Normand, maire, a fournit un fusil monté à gauche; Mirel, officier municipal, Jean Roy, Jean Deschamps, Germain Rengeard, Jean Ranget dit Lachaume ont fourni chacun un fusil, lesquels nous les ont mis de suite entre les mains et que nous envoyons au même instant au Directoire du district et qui sont toutes les armes qui ont été fournies par notre commune.
Vacher de la Pouge a fourni à Jean Charles un sabre avec son ceinturon.

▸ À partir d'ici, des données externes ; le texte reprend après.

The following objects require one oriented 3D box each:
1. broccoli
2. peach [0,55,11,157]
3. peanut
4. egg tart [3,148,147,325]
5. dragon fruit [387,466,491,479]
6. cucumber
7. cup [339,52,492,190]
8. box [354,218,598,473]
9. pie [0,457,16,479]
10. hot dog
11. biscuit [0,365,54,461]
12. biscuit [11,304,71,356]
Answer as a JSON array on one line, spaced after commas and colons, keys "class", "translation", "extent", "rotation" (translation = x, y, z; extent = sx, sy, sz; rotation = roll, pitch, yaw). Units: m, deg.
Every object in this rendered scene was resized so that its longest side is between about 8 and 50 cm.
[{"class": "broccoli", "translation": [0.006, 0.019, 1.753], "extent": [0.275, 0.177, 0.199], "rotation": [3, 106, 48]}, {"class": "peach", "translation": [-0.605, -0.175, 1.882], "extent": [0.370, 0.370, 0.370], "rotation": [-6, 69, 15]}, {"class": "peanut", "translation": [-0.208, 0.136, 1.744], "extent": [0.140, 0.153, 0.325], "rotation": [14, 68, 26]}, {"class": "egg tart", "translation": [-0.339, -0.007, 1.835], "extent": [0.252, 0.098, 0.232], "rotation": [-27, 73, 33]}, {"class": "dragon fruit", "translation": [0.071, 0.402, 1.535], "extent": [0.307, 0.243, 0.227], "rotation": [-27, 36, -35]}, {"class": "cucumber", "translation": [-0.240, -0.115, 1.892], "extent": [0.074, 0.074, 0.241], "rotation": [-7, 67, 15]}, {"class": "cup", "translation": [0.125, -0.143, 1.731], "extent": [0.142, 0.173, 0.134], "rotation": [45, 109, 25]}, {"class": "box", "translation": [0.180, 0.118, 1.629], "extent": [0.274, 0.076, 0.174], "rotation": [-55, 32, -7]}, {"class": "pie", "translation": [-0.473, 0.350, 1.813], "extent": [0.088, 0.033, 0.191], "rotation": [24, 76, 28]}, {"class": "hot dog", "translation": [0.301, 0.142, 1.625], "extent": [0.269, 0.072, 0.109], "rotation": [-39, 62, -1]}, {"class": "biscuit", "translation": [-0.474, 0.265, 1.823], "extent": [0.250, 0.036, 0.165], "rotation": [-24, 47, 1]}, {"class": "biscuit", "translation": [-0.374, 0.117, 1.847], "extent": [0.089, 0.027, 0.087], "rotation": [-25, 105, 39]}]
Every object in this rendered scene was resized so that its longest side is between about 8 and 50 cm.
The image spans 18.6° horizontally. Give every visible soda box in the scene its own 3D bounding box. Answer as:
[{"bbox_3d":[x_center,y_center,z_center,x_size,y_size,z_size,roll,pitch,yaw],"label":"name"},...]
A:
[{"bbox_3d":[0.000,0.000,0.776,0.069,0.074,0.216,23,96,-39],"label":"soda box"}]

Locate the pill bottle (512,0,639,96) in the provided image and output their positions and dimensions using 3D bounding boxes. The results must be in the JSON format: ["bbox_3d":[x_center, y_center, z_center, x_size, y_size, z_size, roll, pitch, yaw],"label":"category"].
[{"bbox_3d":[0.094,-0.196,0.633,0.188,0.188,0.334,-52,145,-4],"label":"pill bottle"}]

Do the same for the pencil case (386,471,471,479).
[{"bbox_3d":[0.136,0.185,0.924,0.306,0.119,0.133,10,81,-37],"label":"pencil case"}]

Quant aux munitions, n’en ayant que très peu, les commissaires susdits les ont laissées entre les mains de la municipalité, dont et de tout nous avons fait dressé le présent procès-verbal les jours, mois et an que dessus.
5 mai 1793
16 floréal An I
Sursis au départ des volontaires
Nous, commissaires soussignés, prévenons la municipalité et Garde nationale de Plaisance que, si les citoyens qui se sont enrôlés hier sont retournés chez eux, ce n’est que par notre ordre, en vertu d’une lettre du Procureur syndic du district de Montmorillon.
En conséquence les prions de les laisser libres et leur recommander de ne point s’éloigner de leur commune qu’avec une permission et ils désignèrent le lieu où ils voudront aller pour qu’on puisse les rassembler au premier signal.
Signé : Thomas Boisclaire, commissaire. Delage, commissaire.